On 21/apr/09, at 16:33, Eddie Bell wrote:


> Hi Emmanuel,
>
> I recently had a similar unbalanced data-set (98% 'No') and used an
> SVM with prior weights. The prior weights force the model to account
> for the recessive category by penalizing the classification errors of
> the dominant category (i.e. making recessive class accuracy more
> important).
>
> SVMs aren't as interpretable as decision trees, if trees are required
> I believe the 'rpart' R package supports weighting. I'm not familiar
> enough with weka to guide you in that respect but weights should help
> with your problem.
>
> regards
> - eddie
>
> 2009/4/21 Emmanuel Prochasson <emmanuel.prochasson at univ-nantes.fr>:
>> Dear all,
>>
>> I would like to build a decision tree (or whatever supervised
>> classifier
>> relevant) on a set of data containing 0.1% "Yes" and 99.9% "No",
>> using
>> several attributes (12 for now, but I have to tune that).
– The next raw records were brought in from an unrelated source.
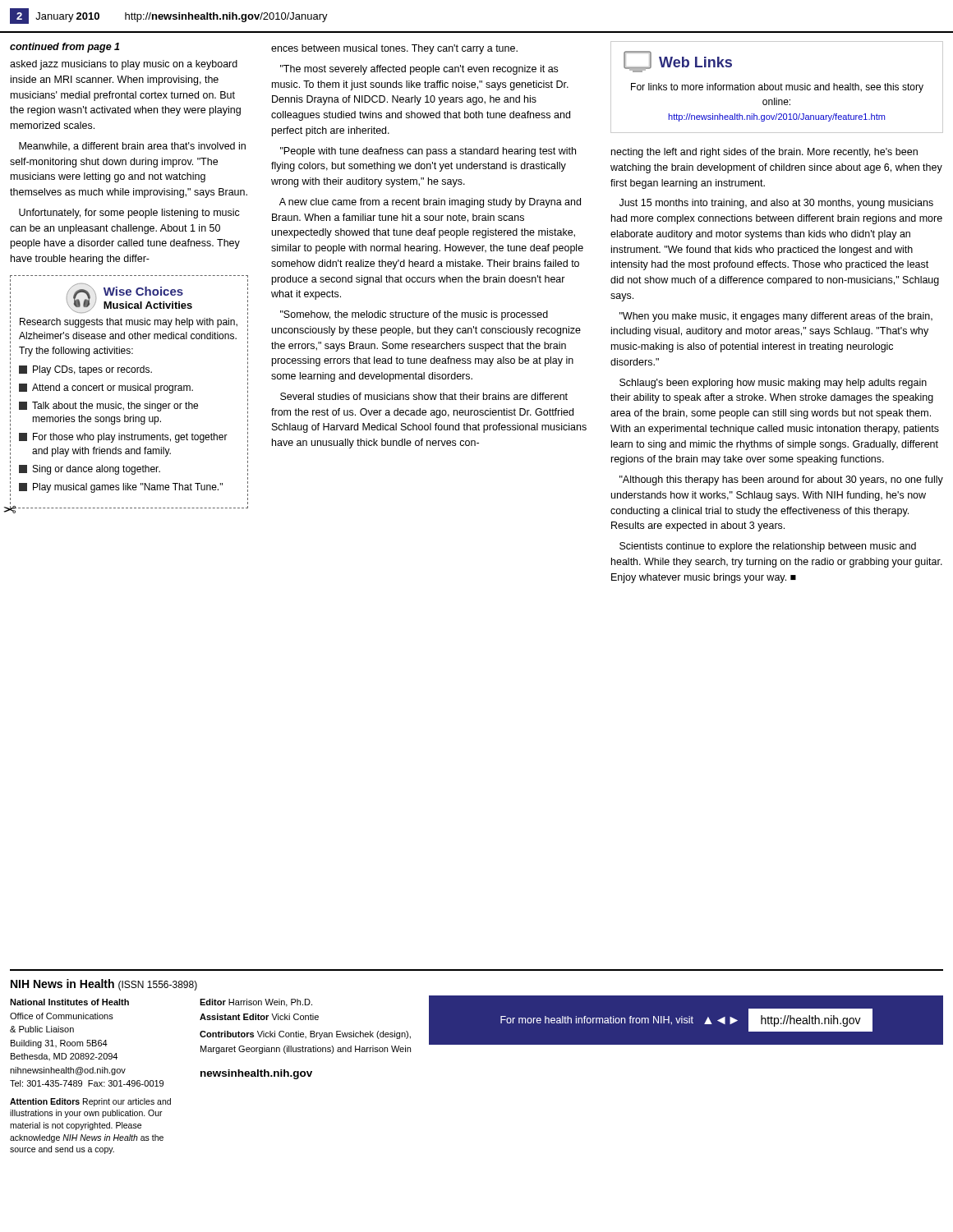Click on the list item that says "Play CDs, tapes or records."
The width and height of the screenshot is (953, 1232).
point(86,370)
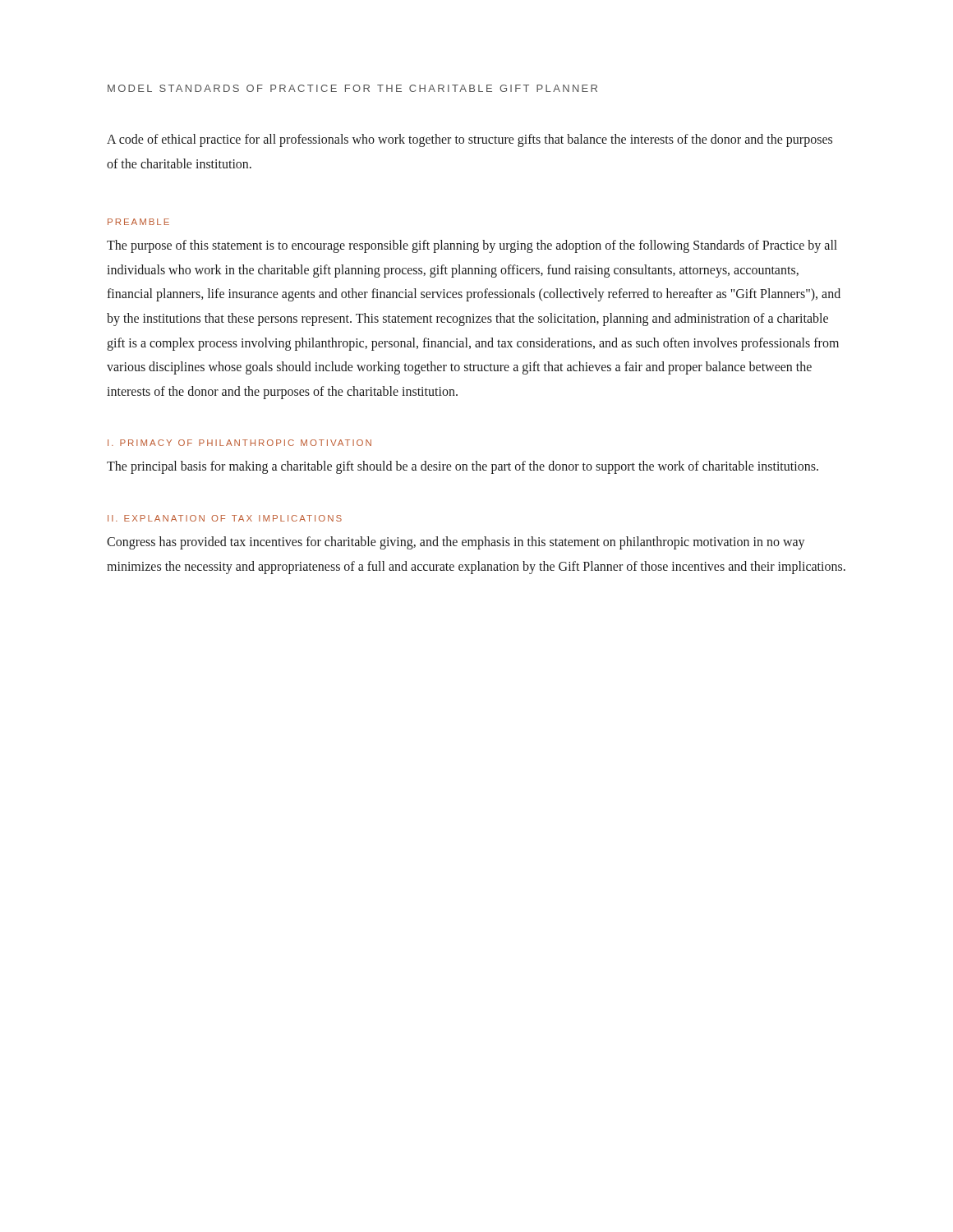Find the passage starting "II. EXPLANATION OF TAX IMPLICATIONS"

point(225,518)
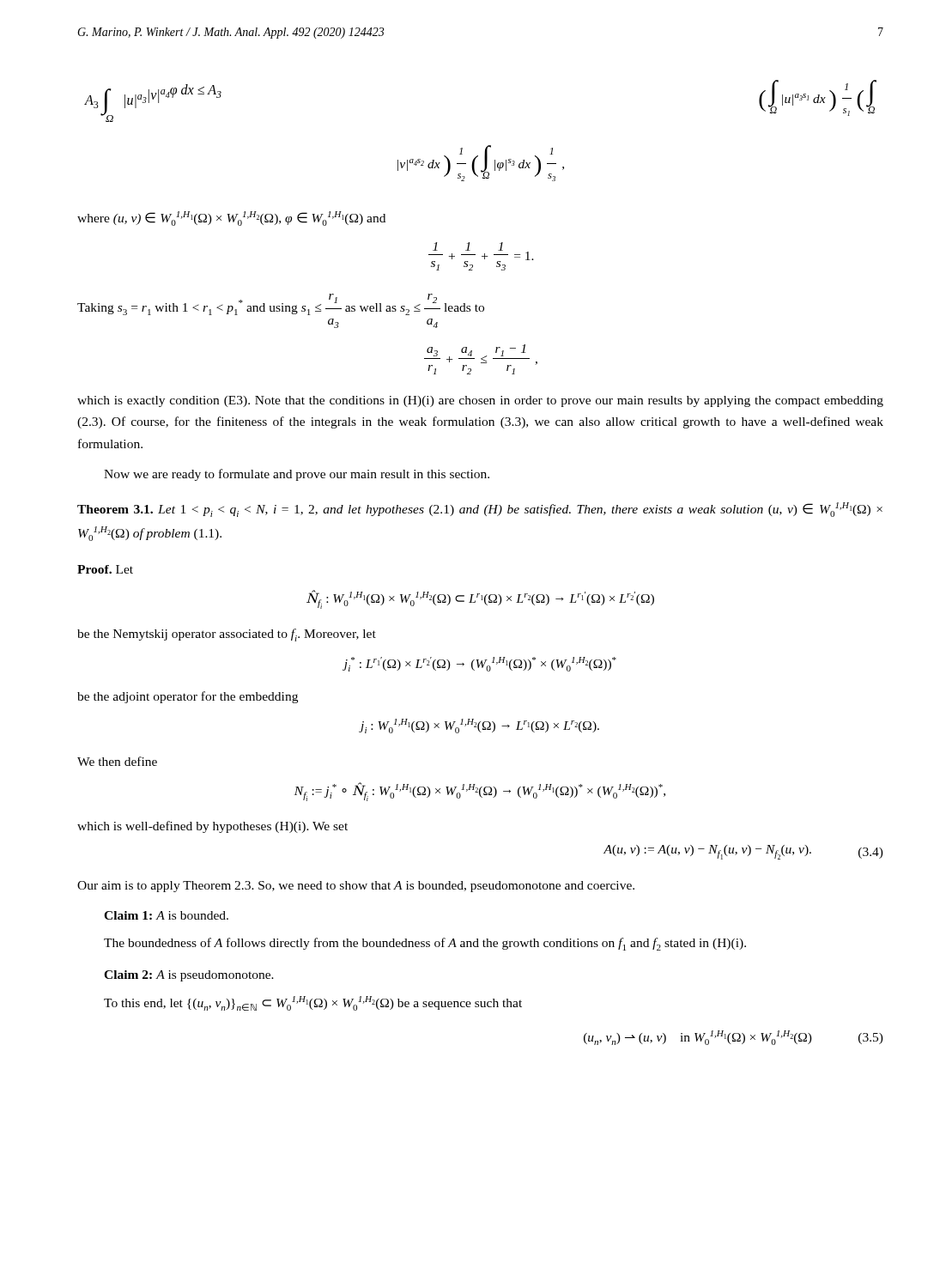The width and height of the screenshot is (952, 1288).
Task: Point to the text block starting "ji* : Lr1′(Ω) × Lr2′(Ω) → (W01,H1(Ω))* ×"
Action: (480, 664)
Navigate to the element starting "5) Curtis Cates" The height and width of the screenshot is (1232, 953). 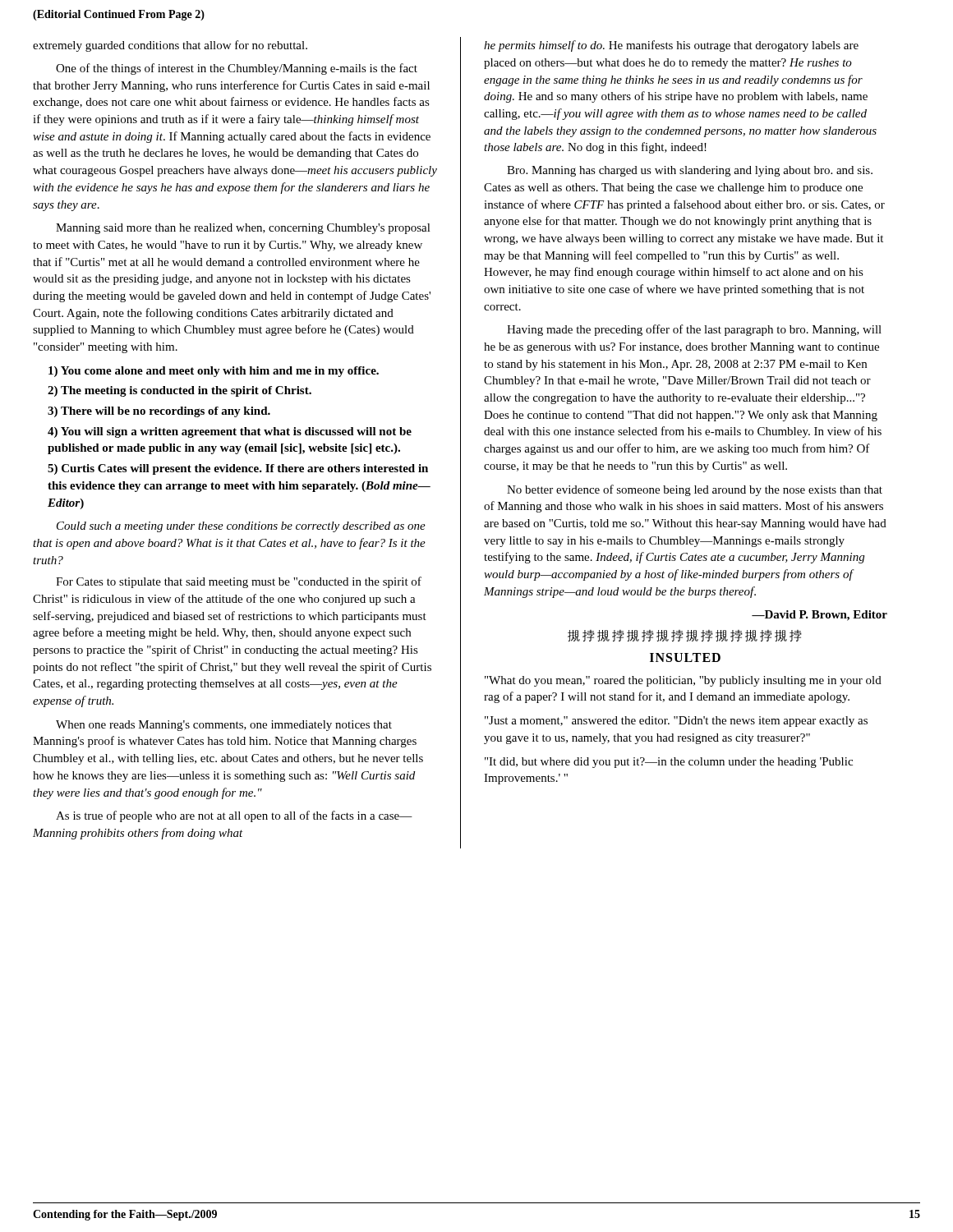pyautogui.click(x=239, y=485)

I use Weka,
>> which is totally awesome.
>>
>> My goal is to prune search space for another application (ie : remove
>> say, 80% of the data that are very unlikely to be "Yes"), that's
>> why I'm
>> trying to use a decision tree. Of course some algorithm returns a
>> 1 leaf
>> node tree tagged "No", with a 99.9% precision, which is pretty
>> accurate,
>> but ensure I will always withdraw all of my search space rather than
>> prune it.
>>
>> My problem is : is there a way (algorithm ? software ?) to build a
>> tree
>> that will maximise recall (all "Yes" elements tagged "Yes" by the
>> algorithm). I don't really care about precision (It's ok if many "No"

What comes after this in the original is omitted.